- Born: February 19, 1979 (age 47) Tottori Prefecture, Japan
- Education: University of Tokyo, Ph.D. in Science
- Occupations: Founder and CEO of ALE Co,. Ltd

= Lena Okajima =

Lena Okajima (岡島 礼奈, Okajima Lena) is the founder and chief executive officer of ALE Co., Ltd.

==Career==
Lena founded the Japanese space entertainment company, ALE Co., Ltd in 2011. Prior to ALE, she worked in bond investment and private equity at Goldman Sachs Japan.

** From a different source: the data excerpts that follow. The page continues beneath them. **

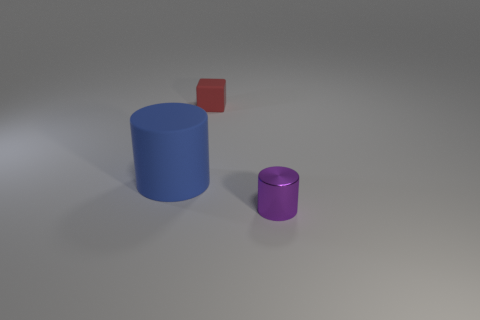Are there any purple metallic cylinders that are behind the object that is in front of the matte object that is in front of the small red matte object?
Offer a very short reply. No. There is a matte cube; how many large blue objects are to the left of it?
Provide a short and direct response. 1. How many cylinders have the same color as the small metallic object?
Your answer should be very brief. 0. How many objects are either rubber things that are behind the big cylinder or things that are in front of the red thing?
Ensure brevity in your answer.  3. Are there more blue matte cylinders than big cyan spheres?
Your response must be concise. Yes. There is a object that is behind the big blue matte cylinder; what is its color?
Offer a terse response. Red. Is the large thing the same shape as the metal thing?
Make the answer very short. Yes. There is a thing that is behind the small purple thing and on the right side of the big cylinder; what is its color?
Ensure brevity in your answer.  Red. Does the cylinder behind the tiny purple metallic object have the same size as the purple shiny cylinder that is to the right of the red matte cube?
Ensure brevity in your answer.  No. How many things are either objects in front of the large matte cylinder or matte objects?
Offer a very short reply. 3. 
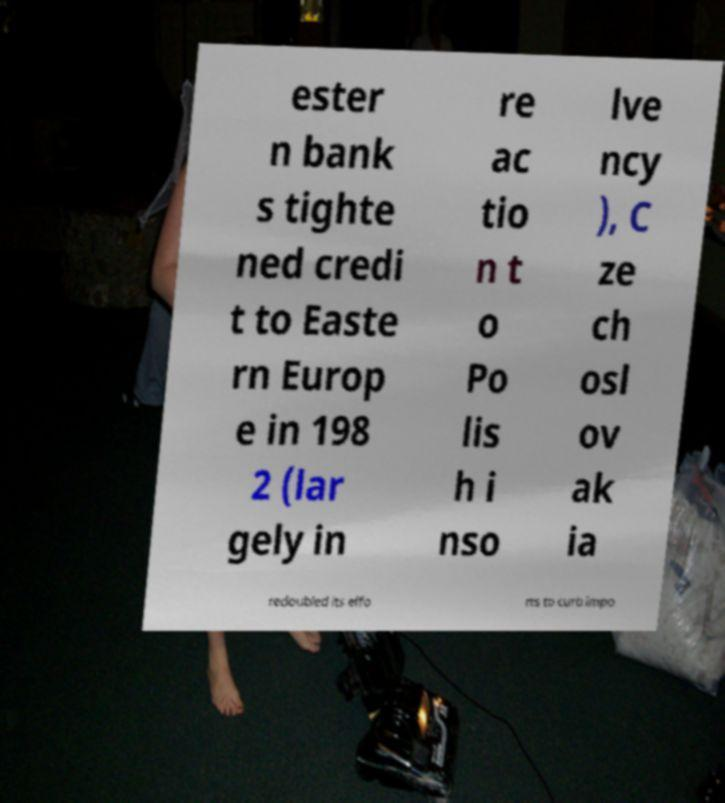There's text embedded in this image that I need extracted. Can you transcribe it verbatim? ester n bank s tighte ned credi t to Easte rn Europ e in 198 2 (lar gely in re ac tio n t o Po lis h i nso lve ncy ), C ze ch osl ov ak ia redoubled its effo rts to curb impo 
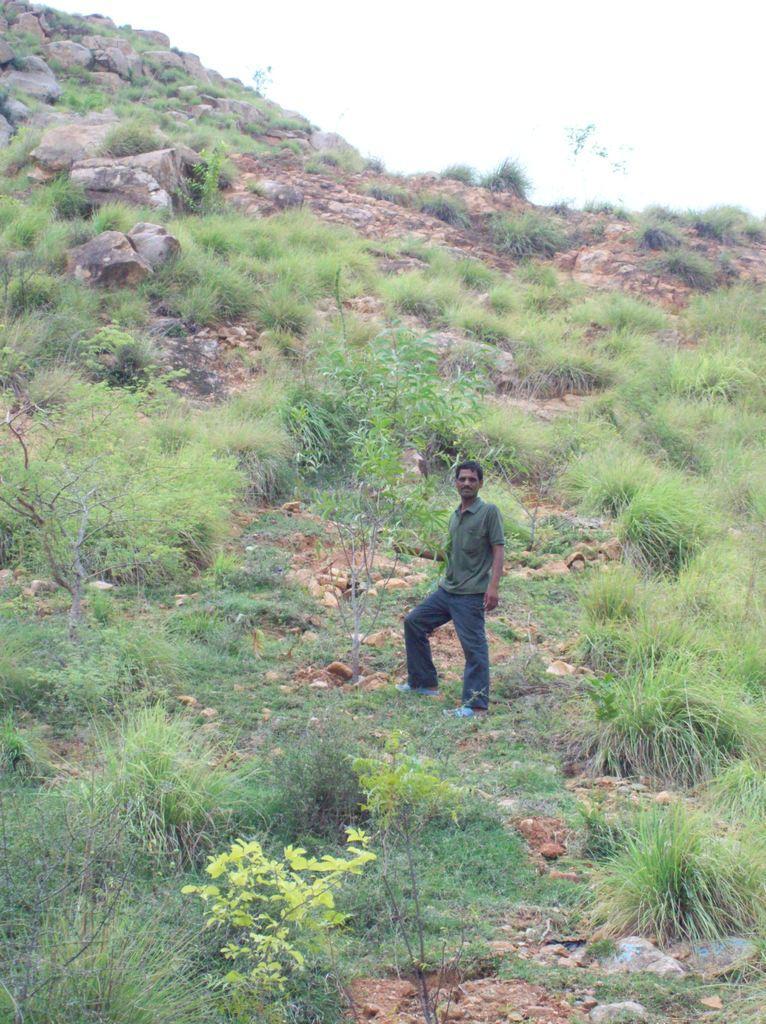Could you give a brief overview of what you see in this image? In this image we can see a person wearing gray color T-shirt is standing on the hill. Here we can see small plants, rocks on the hill and the sky in the background. 
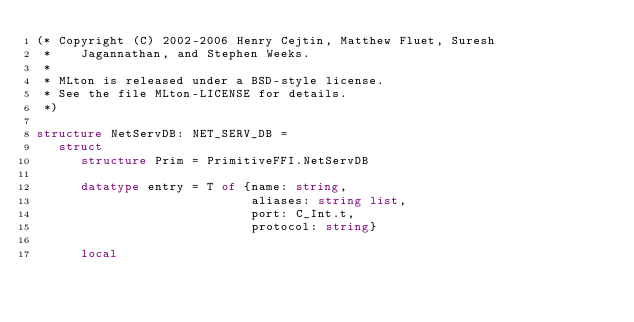Convert code to text. <code><loc_0><loc_0><loc_500><loc_500><_SML_>(* Copyright (C) 2002-2006 Henry Cejtin, Matthew Fluet, Suresh
 *    Jagannathan, and Stephen Weeks.
 *
 * MLton is released under a BSD-style license.
 * See the file MLton-LICENSE for details.
 *)

structure NetServDB: NET_SERV_DB =
   struct
      structure Prim = PrimitiveFFI.NetServDB

      datatype entry = T of {name: string,
                             aliases: string list,
                             port: C_Int.t,
                             protocol: string}

      local</code> 
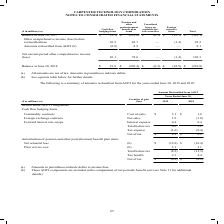According to Carpenter Technology's financial document, What do the amounts in parentheses in the table indicate? debits to income/loss.. The document states: "(a) Amounts in parentheses indicate debits to income/loss. (b) These AOCI components are included in the computation of net periodic benefit cost (see..." Also, Where are Net actuarial loss and Prior service cost included? in the computation of net periodic benefit cost (see Note 11 for additional details).. The document states: "ncome/loss. (b) These AOCI components are included in the computation of net periodic benefit cost (see Note 11 for additional details)...." Also, In which years is information on the amounts reclassified from AOCI provided? The document shows two values: 2019 and 2018. From the document: "($ in millions) (a) Location of gain (loss) 2019 2018 Details about AOCI Components Cash flow hedging items Commodity contracts Cost of sales $ 5.1 ($..." Additionally, In which year was the amount of tax benefit larger? According to the financial document, 2018. The relevant text states: "($ in millions) (a) Location of gain (loss) 2019 2018 Details about AOCI Components Cash flow hedging items Commodity contracts Cost of sales $ 5.1 $ 1.8..." Also, can you calculate: What was the change in Forward interest rate swaps in 2019 from 2018? I cannot find a specific answer to this question in the financial document. Also, can you calculate: What was the percentage change in Forward interest rate swaps in 2019 from 2018? I cannot find a specific answer to this question in the financial document.

She is also an entrepreneur who has founded an online gaming company and a business consulting company. She received her Ph.D. in Science from the University of Tokyo in 2008.

==ALE Co., Ltd. ==
ALE stands for Astro Live Experiences.

- 2001: Lena came up with an idea to create artificial shooting star while watching the Leonid meteor shower during her time as an undergraduate student at the University of Tokyo
- 2009: Started working on the artificial shooting star project
- 2011: Lena founded ALE Co., Ltd.
- 2015: Started full-scale commercialization of artificial shooting star technology
- 2019: Launch of first satellite ALE-1 on 18 January 2019 by an Epsilon rocket and launch of second satellite ALE-2 on 6 December 2019 by an Electron rocket.
- 2023: Premiering in Hiroshima

In 2020 it was published that the first artificial meteor shower would be delayed from 2020 to 2023 (to be conducted by the next satellite ALE-3) due to the malfunction of ALE-2 satellite; apparently also ALE-1 had malfunctioned (due to not being able to produce an artificial meteor shower).